Something fluttered and flapped. One of Klaus’s budgies. I looked at it, it looked at me, then I held out my hand and it hopped onto my finger, jigged up and down gleefully.

“Oh, thank heavens!” Klaus cried when I presented the bird to him. “My little Mausie flew out the window the moment I opened it. I thought I’d lost her for good.”

“No worries, ace,” I said. “You’re not going to get rid of little Mausie that easily. Will he—eh, Mausie?”

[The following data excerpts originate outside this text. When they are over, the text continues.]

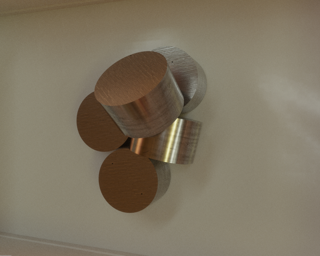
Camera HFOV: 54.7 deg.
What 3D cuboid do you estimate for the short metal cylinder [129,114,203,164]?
[{"bbox_3d":[0.007,0.009,0.377,0.080,0.080,0.050,14,95,19],"label":"short metal cylinder"}]

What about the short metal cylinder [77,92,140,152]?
[{"bbox_3d":[-0.063,-0.010,0.416,0.080,0.050,0.079,0,90,19],"label":"short metal cylinder"}]

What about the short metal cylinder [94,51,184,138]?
[{"bbox_3d":[-0.021,-0.036,0.327,0.080,0.050,0.080,-15,45,16],"label":"short metal cylinder"}]

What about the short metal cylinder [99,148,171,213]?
[{"bbox_3d":[-0.032,0.065,0.405,0.080,0.050,0.079,0,90,19],"label":"short metal cylinder"}]

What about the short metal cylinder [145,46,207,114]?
[{"bbox_3d":[0.014,-0.057,0.390,0.080,0.050,0.079,0,90,19],"label":"short metal cylinder"}]
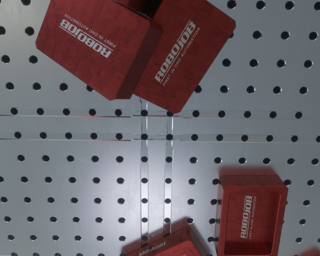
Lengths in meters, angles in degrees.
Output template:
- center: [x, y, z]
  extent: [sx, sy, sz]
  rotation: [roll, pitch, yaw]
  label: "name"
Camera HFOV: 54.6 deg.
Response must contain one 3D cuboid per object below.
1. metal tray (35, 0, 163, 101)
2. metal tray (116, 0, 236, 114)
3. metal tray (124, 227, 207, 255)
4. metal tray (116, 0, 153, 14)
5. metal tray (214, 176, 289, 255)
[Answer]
- center: [-0.071, -0.099, 0.340]
  extent: [0.130, 0.030, 0.090]
  rotation: [35, 109, 20]
  label: "metal tray"
- center: [0.016, -0.091, 0.365]
  extent: [0.090, 0.030, 0.129]
  rotation: [24, 109, -25]
  label: "metal tray"
- center: [0.010, 0.224, 0.492]
  extent: [0.130, 0.030, 0.090]
  rotation: [-28, 108, 9]
  label: "metal tray"
- center: [-0.010, -0.160, 0.297]
  extent: [0.030, 0.130, 0.090]
  rotation: [31, 107, -4]
  label: "metal tray"
- center: [0.132, 0.135, 0.461]
  extent: [0.090, 0.030, 0.129]
  rotation: [0, 110, 0]
  label: "metal tray"
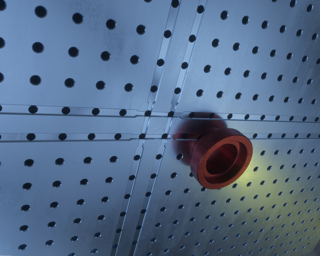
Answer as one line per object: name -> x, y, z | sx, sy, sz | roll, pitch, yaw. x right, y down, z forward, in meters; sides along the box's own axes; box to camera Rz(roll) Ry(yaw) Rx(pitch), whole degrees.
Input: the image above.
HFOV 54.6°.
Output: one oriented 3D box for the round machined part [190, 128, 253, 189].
round machined part -> 0.089, 0.042, 0.474 | 0.099, 0.042, 0.097 | -14, 124, -21
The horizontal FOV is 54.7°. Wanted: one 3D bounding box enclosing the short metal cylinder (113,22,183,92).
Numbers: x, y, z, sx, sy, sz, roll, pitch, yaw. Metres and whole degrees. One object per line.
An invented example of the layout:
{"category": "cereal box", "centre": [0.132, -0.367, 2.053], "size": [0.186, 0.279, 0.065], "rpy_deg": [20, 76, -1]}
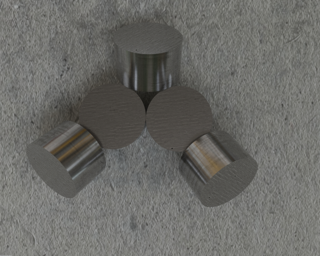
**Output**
{"category": "short metal cylinder", "centre": [-0.014, -0.088, 0.377], "size": [0.081, 0.080, 0.050], "rpy_deg": [2, 133, 0]}

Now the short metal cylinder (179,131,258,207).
{"category": "short metal cylinder", "centre": [0.070, 0.050, 0.378], "size": [0.080, 0.080, 0.050], "rpy_deg": [-37, 49, 0]}

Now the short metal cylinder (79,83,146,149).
{"category": "short metal cylinder", "centre": [-0.057, -0.014, 0.398], "size": [0.081, 0.050, 0.080], "rpy_deg": [0, 90, 0]}

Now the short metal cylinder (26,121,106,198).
{"category": "short metal cylinder", "centre": [-0.113, 0.038, 0.376], "size": [0.080, 0.080, 0.050], "rpy_deg": [46, 50, 0]}

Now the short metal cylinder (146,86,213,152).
{"category": "short metal cylinder", "centre": [0.023, -0.011, 0.398], "size": [0.081, 0.050, 0.080], "rpy_deg": [0, 90, 0]}
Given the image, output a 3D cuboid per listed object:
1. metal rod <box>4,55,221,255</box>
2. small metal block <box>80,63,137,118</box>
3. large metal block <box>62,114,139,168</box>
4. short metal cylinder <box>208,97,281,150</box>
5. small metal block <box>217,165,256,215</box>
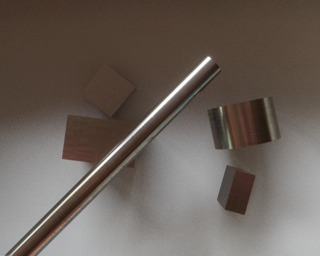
[{"bbox_3d":[-0.050,0.038,0.330,0.300,0.025,0.025,-45,91,0],"label":"metal rod"},{"bbox_3d":[-0.067,-0.049,0.411,0.050,0.025,0.050,38,90,-1],"label":"small metal block"},{"bbox_3d":[-0.066,0.014,0.383,0.081,0.080,0.050,7,90,-1],"label":"large metal block"},{"bbox_3d":[0.104,-0.006,0.385,0.080,0.080,0.050,-11,90,0],"label":"short metal cylinder"},{"bbox_3d":[0.097,0.078,0.400,0.025,0.050,0.050,16,90,0],"label":"small metal block"}]
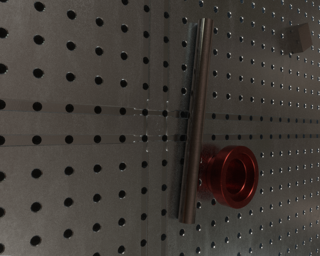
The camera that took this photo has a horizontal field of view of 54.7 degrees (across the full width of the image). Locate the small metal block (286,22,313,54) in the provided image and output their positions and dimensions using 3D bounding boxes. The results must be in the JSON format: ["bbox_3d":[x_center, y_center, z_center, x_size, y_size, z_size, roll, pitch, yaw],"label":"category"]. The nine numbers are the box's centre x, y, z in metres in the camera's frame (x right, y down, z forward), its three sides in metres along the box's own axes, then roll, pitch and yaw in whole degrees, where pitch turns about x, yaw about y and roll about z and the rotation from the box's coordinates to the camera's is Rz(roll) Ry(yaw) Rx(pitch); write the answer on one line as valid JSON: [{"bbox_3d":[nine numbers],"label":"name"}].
[{"bbox_3d":[0.300,-0.193,0.665,0.050,0.025,0.050,-34,111,-35],"label":"small metal block"}]

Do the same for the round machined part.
[{"bbox_3d":[0.112,0.076,0.495,0.099,0.042,0.097,0,90,-40],"label":"round machined part"}]

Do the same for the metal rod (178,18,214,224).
[{"bbox_3d":[0.054,-0.013,0.456,0.025,0.025,0.298,11,83,-40],"label":"metal rod"}]

All the above notwithstanding, Flo won’t scribble, and it has all of us beaten. Jim and Bob, Klaus and Pappy spend hours with her and the crayons, coaxing and cajoling. Even Toby has succumbed to Scribble Mania. He went out and bought several blocks of butcher’s paper and showed her how to scribble on those, but she just looked at me sadly and dropped the pink crayon he offered her.

Thursday,

May 25th, 1961

It’s taken a long time, but the Mesdames Fugue and Toccata are finally sorted out to everybody’s satisfaction. They stuck to their story that they only paid thirty quid a week in rent, I blew a succession of raspberries, and so it went for a long time. But today we agreed on four hundred quid a week from each of the ladies, thirty of it on the official books. Though I am fond of the Mesdames, you can’t run a very superior brothel catering to all sorts of tastes above and beyond the usual without also being as tough as a pair of old boots. They are tough. So for a short moment they tried pulling a few Council strings to get me into hot water, but I simply sent each of them a weeny Kewpie doll with china-headed pins shoved up their fundamental orifices, back and front, and a third in the mouth for good measure. Oooooo-aa! The message was correctly interpreted, the Mesdames gave in.